- _BRIEF_
Among the records that follow, find the line with "Fill in this" and the line with "#2 suv [33,432,134,473]". Set down those lines and all lines between them exactly, without adding anything.

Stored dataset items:
╔══

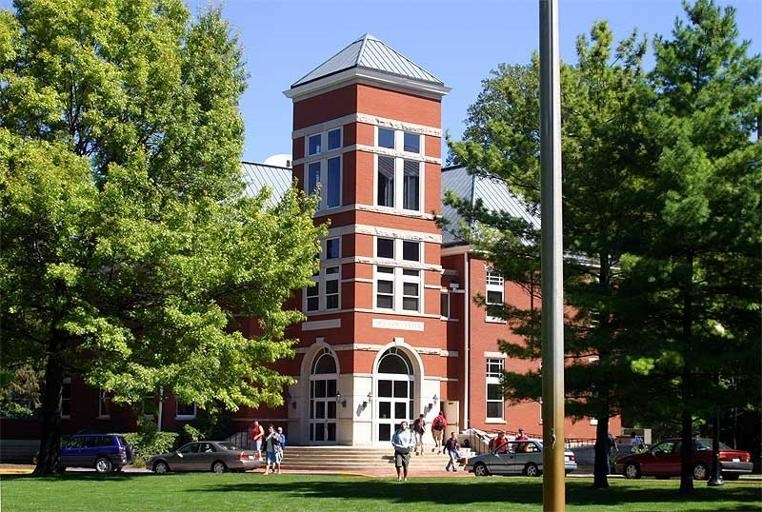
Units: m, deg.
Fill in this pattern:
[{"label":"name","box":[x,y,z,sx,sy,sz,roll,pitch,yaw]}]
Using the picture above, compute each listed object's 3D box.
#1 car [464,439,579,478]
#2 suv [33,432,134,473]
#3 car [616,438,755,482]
[{"label":"car","box":[6.342,9.308,48.565,4.887,1.731,2.059,-11,-17,41]},{"label":"suv","box":[-14.129,9.502,51.171,4.101,1.800,1.941,-1,-4,4]},{"label":"car","box":[12.954,8.921,46.213,5.120,1.696,2.402,-5,-12,40]}]
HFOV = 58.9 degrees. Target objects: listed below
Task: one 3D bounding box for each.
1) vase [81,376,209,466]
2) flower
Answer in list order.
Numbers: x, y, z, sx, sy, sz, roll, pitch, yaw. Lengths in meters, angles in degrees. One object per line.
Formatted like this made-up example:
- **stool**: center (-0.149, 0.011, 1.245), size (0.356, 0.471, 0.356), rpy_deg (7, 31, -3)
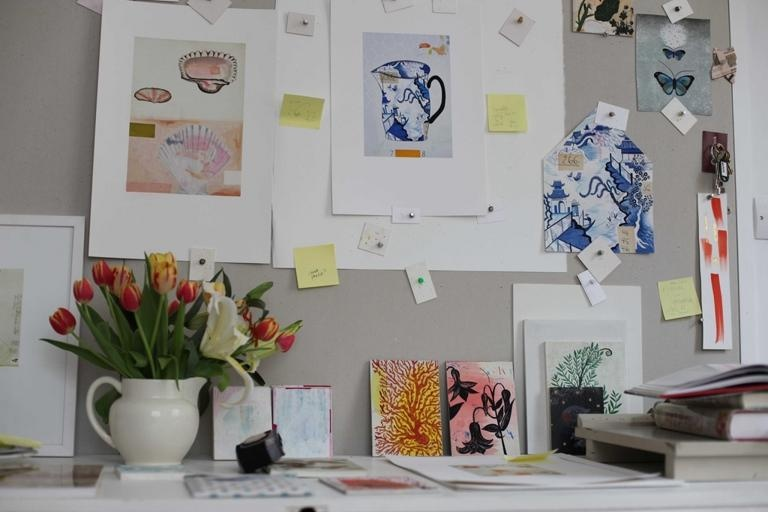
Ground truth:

╚══

- _RESULT OF THIS EXERCISE_
Fill in this pattern:
[{"label":"name","box":[x,y,z,sx,sy,sz,roll,pitch,yaw]}]
Using the picture above, compute each listed object's 3D box.
#1 car [464,439,579,478]
#2 suv [33,432,134,473]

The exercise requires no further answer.